Problem to solve: Whatever precedes the line containing "Locate the passage" is not copied; that line and every line after it through the final one below are copied exactly, except pictures.

(Stored data entries)
= = =

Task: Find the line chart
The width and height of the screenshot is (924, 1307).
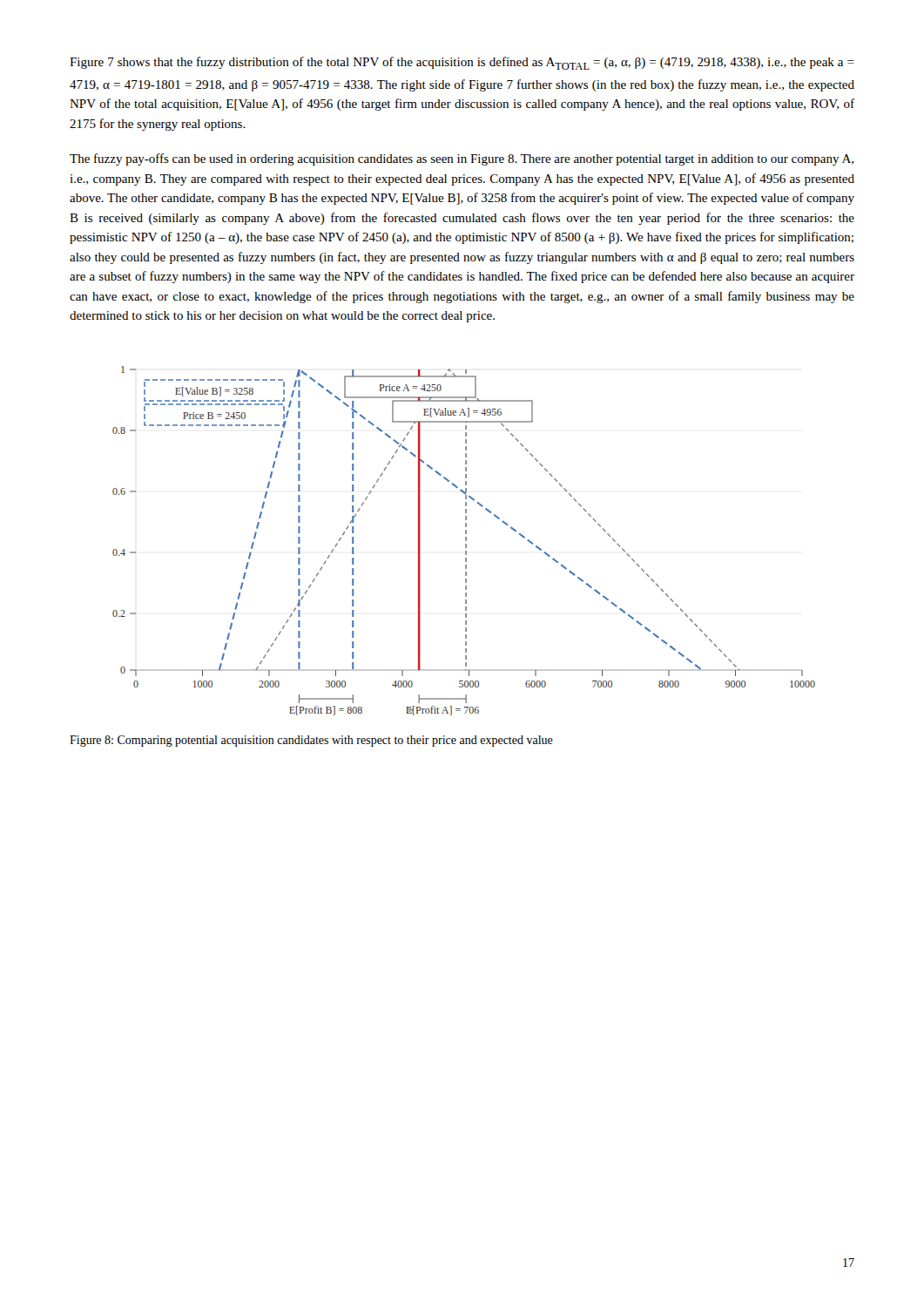Action: click(x=462, y=538)
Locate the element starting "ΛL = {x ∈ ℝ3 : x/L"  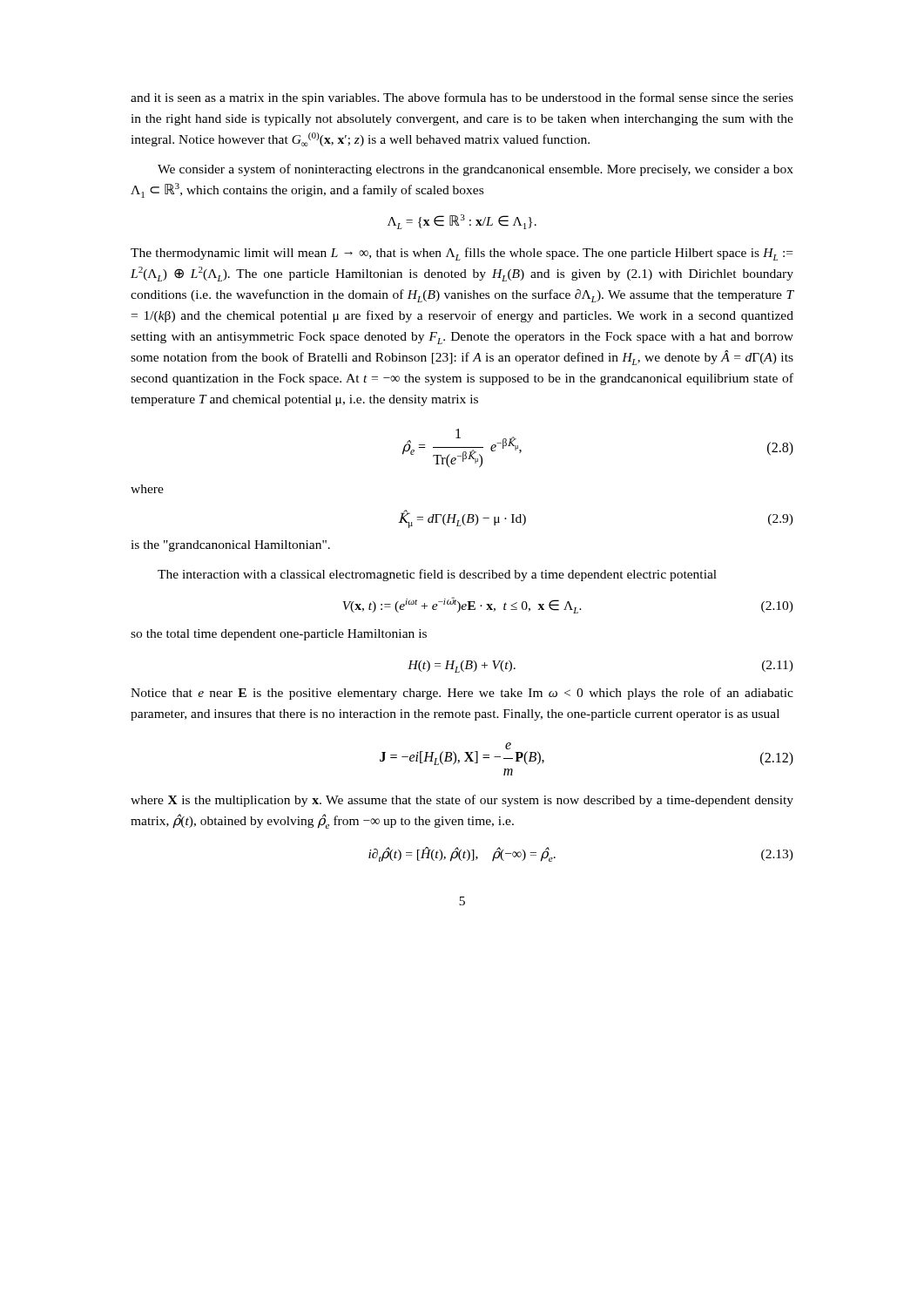[x=462, y=221]
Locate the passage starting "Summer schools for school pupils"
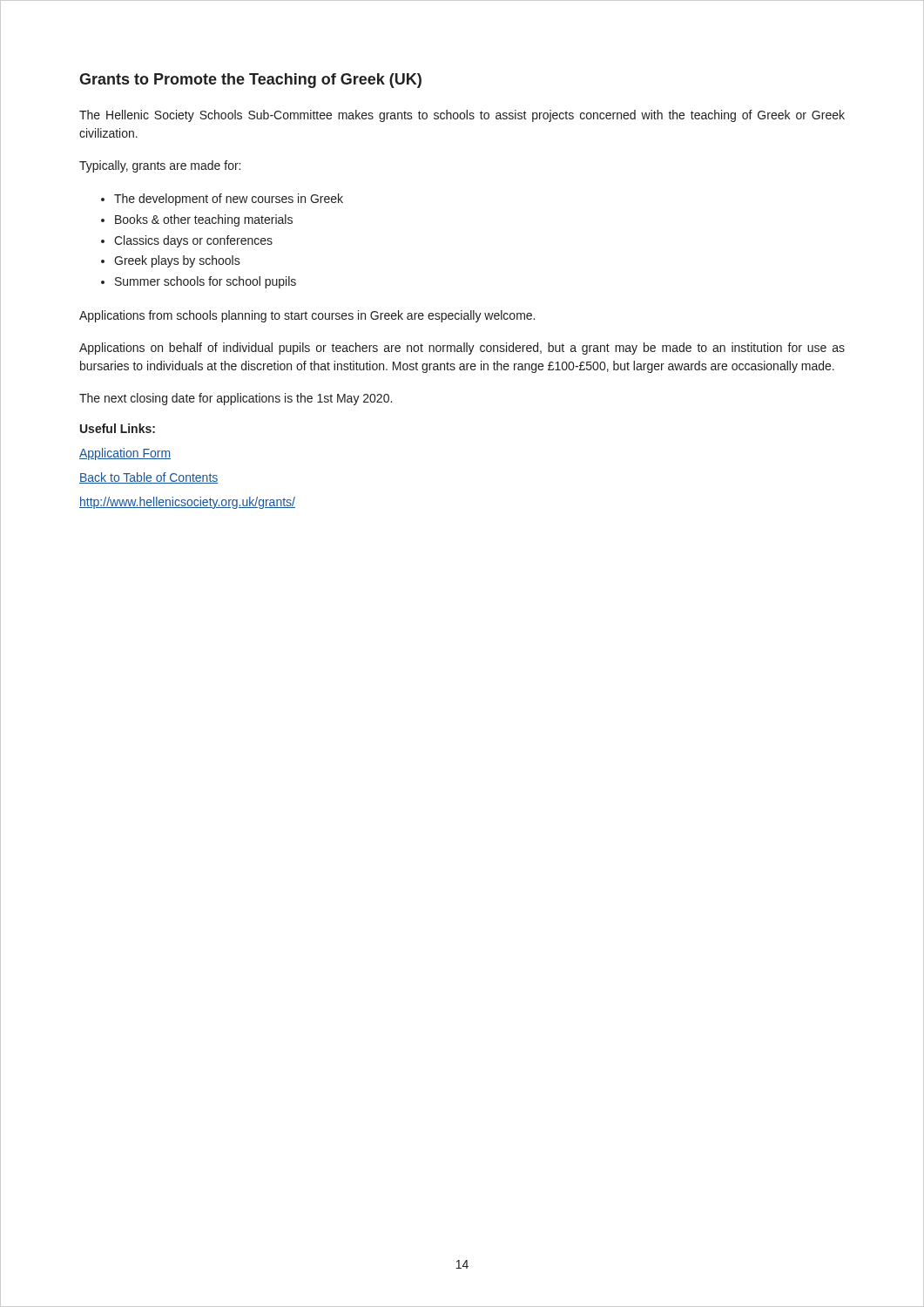Screen dimensions: 1307x924 [206, 282]
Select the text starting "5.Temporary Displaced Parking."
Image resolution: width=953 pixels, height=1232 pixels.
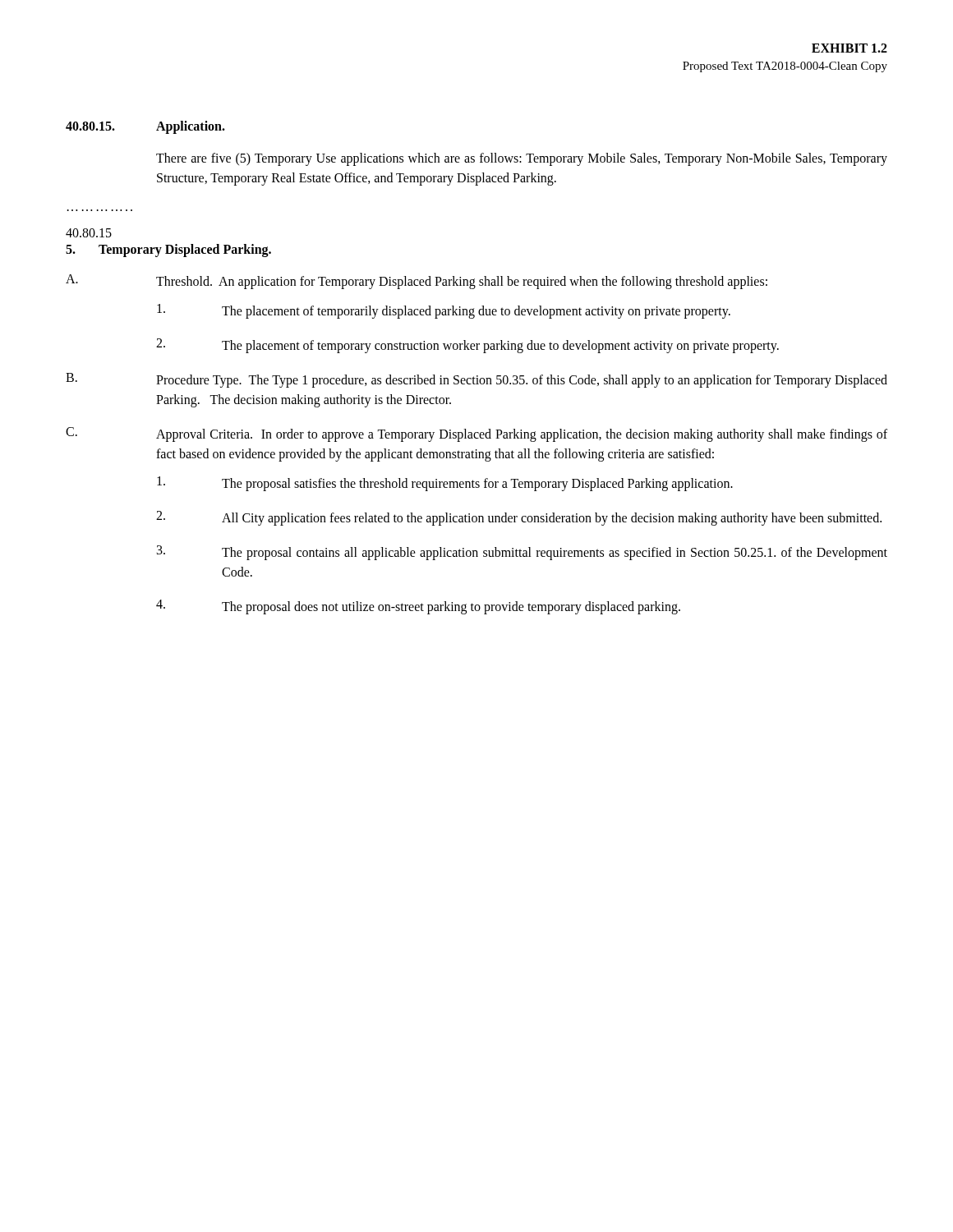(169, 250)

= = =

Exercise response:
Locate the passage starting "Summer schools for school pupils"
Screen dimensions: 1307x924 [206, 282]
Select the text starting "5.Temporary Displaced Parking."
Image resolution: width=953 pixels, height=1232 pixels.
(169, 250)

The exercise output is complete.